Jeffrey D. Levine, the U.S. ambassador to Estonia, said the European nation’s approach could benefit many countries, but not necessarily the United States.

“For the United States, voting online is very problematic because [of] our lack of national ID cards, lack of some of the prerequisites that Estonia has implemented,” Levine told The Associated Press.

In addition, there’s the “fear of big government,” Levine said. Americans, he said, “are afraid of the creation of a very large national database. We don’t have that yet, and there’s lot of resistance to it.”

When the District of Columbia experimented with an online voting system in 2010, hackers broke in and changed votes to fictional characters.

In 2005, Estonia became the first country to implement Internet voting in a nationwide election. Though it was slow to catch on, by 2011 approximately one-fourth of all votes in parliamentary elections were cast from homes or offices.

Other countries have tried online voting with mixed success.

Swiss voters have been able to vote over the Internet in some referendums since the federal government and some cantons (states) began experimenting with electronic ballots a decade ago, and this year 12 cantons were authorized to use online voting during federal elections in June.

Britain most recently tested Internet voting at municipal elections in 2007, but found that offering the public to switch the polling booth for a computer proved problematic.

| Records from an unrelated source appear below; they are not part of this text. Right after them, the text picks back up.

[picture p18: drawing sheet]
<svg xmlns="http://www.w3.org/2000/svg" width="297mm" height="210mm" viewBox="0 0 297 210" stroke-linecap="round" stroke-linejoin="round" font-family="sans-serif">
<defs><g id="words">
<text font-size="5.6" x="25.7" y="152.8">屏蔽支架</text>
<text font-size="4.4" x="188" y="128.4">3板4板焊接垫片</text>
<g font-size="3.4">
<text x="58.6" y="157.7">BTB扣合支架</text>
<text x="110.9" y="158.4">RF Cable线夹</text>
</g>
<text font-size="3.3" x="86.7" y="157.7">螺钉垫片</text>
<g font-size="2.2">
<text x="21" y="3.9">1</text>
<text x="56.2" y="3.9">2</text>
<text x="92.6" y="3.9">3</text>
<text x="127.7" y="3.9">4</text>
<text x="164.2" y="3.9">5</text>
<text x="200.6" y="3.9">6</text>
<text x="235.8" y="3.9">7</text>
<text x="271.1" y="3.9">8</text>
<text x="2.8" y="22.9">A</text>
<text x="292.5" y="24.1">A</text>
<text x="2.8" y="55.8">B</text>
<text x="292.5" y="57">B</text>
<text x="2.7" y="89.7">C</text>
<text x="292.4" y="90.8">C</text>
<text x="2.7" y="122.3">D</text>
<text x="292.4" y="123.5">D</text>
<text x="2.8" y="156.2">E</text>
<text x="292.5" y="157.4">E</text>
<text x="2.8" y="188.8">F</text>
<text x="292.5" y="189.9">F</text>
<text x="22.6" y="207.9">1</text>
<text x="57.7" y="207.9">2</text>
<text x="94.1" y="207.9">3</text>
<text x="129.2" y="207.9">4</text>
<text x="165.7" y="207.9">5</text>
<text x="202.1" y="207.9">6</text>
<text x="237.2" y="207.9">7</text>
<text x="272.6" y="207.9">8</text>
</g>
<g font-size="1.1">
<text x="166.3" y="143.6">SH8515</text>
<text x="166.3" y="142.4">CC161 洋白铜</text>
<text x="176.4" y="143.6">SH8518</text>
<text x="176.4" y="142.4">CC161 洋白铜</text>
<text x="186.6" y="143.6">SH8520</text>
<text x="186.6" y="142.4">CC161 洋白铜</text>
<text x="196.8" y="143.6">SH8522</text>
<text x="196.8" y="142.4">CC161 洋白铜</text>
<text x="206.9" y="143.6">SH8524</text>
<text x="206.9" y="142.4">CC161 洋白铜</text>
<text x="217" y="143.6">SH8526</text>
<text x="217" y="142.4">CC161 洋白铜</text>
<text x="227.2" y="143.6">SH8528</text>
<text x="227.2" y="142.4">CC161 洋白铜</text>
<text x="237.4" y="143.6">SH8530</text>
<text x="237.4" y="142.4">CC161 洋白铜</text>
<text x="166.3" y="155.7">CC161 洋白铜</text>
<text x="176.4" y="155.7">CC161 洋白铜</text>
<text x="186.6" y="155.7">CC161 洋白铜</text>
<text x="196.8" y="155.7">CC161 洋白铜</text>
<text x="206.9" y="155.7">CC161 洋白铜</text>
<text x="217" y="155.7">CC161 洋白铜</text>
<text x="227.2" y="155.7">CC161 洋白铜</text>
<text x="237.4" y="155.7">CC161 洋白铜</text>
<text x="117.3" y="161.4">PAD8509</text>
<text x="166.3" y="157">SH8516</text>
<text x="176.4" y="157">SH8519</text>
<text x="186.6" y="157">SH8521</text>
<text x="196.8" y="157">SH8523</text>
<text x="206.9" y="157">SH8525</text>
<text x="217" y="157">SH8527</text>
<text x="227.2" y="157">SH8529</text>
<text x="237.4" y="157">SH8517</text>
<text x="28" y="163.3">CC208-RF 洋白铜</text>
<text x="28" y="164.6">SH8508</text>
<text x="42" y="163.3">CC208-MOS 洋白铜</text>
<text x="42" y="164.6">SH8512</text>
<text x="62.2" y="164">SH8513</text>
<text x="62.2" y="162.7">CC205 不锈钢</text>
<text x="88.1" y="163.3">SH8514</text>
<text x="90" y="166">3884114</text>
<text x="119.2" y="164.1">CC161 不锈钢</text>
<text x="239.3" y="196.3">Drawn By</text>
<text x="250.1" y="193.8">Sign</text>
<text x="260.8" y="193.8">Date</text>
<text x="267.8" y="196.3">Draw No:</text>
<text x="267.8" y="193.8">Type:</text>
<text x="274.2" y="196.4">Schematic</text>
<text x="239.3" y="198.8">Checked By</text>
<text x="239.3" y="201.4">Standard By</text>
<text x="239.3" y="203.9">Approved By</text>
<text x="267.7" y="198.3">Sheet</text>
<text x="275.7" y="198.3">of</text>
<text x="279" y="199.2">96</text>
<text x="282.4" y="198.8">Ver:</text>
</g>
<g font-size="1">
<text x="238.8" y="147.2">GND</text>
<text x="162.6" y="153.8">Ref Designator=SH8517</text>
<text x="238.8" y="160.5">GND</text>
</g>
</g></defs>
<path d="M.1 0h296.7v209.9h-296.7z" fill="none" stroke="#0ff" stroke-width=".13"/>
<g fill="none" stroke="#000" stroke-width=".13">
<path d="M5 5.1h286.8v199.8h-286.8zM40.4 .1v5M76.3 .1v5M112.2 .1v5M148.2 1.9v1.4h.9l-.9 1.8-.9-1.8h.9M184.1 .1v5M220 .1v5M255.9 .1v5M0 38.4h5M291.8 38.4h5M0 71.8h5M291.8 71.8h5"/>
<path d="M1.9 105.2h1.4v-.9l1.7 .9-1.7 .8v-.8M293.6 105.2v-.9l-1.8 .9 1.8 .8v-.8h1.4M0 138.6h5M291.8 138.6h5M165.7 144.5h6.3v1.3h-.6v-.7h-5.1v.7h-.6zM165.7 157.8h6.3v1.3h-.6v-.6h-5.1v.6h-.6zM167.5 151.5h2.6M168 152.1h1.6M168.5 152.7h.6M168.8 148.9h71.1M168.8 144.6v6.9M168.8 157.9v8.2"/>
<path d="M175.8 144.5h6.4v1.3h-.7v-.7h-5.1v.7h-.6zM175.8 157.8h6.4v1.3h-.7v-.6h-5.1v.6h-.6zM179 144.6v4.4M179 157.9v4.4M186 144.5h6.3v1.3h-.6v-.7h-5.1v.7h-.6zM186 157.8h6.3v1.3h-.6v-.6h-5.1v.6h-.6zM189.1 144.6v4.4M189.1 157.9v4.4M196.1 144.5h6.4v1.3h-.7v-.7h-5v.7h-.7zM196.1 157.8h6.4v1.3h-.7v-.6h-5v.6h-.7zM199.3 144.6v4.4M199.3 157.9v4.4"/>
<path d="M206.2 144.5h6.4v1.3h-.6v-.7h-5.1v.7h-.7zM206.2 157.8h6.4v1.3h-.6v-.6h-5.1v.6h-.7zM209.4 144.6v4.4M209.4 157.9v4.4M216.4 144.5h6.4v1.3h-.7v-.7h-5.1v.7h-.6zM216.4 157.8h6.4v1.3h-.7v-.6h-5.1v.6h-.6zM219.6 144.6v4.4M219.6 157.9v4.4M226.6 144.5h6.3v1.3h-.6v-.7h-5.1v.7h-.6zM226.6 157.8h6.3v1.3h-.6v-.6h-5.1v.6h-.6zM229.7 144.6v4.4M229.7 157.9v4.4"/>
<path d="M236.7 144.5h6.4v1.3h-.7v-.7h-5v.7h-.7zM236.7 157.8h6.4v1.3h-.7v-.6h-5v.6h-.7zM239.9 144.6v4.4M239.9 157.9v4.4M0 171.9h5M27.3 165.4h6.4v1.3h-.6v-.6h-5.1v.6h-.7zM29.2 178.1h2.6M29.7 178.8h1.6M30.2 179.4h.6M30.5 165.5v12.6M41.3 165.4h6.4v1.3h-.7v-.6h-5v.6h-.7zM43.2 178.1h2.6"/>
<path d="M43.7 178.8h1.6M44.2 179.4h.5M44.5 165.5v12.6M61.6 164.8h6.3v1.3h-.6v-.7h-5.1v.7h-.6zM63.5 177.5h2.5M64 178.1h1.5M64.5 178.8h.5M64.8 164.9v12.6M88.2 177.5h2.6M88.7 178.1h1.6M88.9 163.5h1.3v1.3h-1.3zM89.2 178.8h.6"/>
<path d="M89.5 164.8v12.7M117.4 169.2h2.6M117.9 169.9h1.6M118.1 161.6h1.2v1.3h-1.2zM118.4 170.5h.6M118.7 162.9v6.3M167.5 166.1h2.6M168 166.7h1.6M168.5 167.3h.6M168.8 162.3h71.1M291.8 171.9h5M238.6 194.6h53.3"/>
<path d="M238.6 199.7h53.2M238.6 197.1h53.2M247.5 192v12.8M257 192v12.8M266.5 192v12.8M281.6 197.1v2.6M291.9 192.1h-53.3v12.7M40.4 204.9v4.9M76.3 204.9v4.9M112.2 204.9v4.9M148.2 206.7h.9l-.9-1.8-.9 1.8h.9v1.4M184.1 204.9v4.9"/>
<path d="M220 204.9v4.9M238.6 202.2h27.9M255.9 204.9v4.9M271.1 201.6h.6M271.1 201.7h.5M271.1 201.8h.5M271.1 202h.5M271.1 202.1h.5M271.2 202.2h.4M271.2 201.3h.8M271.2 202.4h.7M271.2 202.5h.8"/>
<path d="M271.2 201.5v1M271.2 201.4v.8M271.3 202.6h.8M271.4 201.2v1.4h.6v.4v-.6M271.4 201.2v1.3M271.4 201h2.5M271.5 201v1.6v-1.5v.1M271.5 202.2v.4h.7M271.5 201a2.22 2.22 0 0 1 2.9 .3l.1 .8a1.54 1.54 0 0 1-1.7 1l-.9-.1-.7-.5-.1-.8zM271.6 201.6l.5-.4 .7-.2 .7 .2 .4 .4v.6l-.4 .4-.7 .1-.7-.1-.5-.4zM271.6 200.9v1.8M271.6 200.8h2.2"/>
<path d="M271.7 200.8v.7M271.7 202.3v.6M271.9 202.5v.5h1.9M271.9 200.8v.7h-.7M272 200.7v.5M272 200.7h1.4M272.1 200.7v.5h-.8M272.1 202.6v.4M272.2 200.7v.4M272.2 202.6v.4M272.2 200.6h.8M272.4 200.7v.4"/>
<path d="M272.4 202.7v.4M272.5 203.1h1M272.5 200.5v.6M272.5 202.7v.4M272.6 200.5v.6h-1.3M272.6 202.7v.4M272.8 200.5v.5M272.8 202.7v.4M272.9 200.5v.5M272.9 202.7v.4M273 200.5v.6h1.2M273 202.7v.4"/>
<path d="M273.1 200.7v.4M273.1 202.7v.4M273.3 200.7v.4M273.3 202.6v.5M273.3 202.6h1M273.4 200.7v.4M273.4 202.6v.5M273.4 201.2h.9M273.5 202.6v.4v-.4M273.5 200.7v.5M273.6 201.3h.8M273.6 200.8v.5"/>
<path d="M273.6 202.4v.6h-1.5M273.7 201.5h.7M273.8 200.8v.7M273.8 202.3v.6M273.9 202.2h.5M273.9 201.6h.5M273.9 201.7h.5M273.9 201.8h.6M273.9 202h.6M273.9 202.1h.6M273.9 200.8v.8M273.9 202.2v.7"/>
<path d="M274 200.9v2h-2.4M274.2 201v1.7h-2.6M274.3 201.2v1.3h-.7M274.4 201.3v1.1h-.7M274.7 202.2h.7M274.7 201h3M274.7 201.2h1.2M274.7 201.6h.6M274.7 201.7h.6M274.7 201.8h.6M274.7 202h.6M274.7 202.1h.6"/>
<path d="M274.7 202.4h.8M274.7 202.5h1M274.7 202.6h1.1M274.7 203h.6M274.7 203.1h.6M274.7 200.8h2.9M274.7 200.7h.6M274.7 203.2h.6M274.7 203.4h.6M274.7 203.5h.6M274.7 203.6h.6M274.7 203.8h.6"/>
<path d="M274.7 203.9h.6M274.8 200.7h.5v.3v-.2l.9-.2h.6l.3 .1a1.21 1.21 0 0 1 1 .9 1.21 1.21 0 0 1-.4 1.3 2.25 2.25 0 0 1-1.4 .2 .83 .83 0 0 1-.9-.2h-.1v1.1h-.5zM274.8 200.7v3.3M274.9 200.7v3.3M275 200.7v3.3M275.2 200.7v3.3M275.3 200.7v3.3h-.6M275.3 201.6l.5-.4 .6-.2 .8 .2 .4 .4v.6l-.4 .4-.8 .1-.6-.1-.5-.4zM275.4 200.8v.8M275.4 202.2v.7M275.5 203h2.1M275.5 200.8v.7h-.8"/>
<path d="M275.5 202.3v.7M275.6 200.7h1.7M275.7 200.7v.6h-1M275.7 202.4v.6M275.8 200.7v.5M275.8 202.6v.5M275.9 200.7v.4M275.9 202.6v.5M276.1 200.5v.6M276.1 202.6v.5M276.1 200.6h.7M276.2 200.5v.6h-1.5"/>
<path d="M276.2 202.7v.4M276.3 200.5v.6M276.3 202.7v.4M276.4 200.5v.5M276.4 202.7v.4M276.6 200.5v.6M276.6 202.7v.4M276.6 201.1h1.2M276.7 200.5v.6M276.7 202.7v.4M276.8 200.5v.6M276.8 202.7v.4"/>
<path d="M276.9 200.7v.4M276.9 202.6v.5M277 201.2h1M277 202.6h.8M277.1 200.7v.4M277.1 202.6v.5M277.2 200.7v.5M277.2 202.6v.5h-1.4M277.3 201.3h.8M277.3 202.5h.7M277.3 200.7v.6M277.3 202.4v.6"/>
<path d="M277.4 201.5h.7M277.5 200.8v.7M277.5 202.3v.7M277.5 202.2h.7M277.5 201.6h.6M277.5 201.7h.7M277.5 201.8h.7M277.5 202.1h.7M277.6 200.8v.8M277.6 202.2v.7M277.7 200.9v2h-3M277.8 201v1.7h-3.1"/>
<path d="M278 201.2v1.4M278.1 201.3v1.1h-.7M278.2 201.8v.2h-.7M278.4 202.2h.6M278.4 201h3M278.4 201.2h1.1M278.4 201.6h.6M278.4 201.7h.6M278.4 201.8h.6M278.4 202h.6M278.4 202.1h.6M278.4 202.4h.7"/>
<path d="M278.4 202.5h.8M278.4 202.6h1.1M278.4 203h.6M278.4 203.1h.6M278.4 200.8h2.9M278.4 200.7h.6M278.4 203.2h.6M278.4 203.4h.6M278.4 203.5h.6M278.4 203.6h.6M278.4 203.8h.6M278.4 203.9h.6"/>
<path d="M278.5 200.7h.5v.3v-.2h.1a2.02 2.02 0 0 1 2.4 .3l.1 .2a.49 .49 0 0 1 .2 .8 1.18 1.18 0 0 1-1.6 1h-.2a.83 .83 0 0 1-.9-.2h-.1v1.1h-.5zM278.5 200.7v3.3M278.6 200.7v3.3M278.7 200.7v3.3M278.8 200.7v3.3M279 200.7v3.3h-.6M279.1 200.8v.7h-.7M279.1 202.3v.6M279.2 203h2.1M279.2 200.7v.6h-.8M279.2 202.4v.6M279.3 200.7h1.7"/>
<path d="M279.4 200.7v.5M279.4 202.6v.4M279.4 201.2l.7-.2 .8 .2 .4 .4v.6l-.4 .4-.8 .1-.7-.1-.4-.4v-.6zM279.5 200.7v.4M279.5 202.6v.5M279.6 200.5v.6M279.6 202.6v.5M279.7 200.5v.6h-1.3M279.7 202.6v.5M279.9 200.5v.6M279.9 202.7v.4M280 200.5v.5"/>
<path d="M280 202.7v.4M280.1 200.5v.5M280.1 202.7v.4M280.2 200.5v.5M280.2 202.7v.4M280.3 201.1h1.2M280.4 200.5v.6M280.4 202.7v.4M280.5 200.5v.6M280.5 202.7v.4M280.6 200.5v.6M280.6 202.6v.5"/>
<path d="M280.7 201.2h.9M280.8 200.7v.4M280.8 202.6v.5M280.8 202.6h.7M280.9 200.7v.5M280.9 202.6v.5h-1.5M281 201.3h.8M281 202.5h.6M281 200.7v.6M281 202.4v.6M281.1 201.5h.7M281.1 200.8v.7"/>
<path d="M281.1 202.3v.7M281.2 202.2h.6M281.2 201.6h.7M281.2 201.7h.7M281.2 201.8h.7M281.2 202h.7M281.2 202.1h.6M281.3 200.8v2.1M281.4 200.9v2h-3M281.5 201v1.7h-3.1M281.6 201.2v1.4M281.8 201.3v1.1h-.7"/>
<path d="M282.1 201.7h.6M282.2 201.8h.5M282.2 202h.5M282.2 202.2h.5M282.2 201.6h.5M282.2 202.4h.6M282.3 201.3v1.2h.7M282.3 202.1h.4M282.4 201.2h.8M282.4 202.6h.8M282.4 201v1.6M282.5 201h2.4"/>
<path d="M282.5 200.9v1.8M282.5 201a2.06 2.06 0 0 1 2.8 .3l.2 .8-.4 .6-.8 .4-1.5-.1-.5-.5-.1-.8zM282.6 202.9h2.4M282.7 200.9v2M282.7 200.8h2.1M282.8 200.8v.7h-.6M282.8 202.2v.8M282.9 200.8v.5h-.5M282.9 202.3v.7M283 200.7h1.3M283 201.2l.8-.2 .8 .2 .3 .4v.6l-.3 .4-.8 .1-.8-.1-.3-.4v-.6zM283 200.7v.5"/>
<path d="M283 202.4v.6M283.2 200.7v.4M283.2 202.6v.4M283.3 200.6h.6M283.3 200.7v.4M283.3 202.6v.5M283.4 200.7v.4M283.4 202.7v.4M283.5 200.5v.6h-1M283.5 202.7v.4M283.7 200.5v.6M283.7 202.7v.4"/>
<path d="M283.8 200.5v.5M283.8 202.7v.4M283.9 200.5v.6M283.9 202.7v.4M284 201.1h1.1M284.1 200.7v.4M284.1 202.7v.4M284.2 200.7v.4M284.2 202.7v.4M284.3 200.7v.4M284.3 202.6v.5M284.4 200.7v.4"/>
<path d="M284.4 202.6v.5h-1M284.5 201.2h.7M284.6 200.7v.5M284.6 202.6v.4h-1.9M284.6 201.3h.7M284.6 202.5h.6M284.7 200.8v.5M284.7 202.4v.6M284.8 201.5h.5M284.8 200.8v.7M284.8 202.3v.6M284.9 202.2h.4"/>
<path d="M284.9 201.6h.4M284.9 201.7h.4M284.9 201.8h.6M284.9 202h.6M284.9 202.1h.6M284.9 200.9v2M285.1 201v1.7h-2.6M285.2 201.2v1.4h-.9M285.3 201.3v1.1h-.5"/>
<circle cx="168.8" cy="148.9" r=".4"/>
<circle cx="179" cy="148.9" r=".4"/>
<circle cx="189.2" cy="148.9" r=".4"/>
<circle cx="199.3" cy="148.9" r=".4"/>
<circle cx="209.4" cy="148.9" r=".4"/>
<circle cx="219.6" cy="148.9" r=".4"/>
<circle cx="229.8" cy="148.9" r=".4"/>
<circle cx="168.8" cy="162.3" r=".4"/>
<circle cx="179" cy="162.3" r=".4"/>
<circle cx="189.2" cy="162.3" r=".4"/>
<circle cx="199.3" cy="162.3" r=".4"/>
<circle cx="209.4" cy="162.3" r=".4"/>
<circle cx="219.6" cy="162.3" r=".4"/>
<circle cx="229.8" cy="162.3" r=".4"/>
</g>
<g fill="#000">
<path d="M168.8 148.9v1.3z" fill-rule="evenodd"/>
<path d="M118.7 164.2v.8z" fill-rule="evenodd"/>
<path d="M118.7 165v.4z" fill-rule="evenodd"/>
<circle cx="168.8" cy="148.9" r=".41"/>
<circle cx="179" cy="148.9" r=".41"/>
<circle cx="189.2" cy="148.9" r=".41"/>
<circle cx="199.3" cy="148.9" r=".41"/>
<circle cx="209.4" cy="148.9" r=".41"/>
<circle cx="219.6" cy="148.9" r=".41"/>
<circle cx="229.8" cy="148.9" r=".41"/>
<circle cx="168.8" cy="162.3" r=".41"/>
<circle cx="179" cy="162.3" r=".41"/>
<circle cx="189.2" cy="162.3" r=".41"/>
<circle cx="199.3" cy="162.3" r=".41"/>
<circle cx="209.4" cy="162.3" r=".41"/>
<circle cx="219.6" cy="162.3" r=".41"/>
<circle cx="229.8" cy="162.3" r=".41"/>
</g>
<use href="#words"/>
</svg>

Some voters found an electoral website hard to navigate, while others forgot logon details or passwords needed to cast their ballot. In the city of Sheffield, two-thirds of people who had registered for an electronic vote didn’t end up using the service.

Britain’s Electoral Commission, responsible for running elections, said there were major worries over hacker attacks and identity fraud.

Hanni said such worries “haven’t come true” in Estonia. “But naturally they are there,” she added. “Initiating Internet voting is a complex project. You need to build trust, solve constitutional issues and the secrecy of voting – it’s not an easy task.”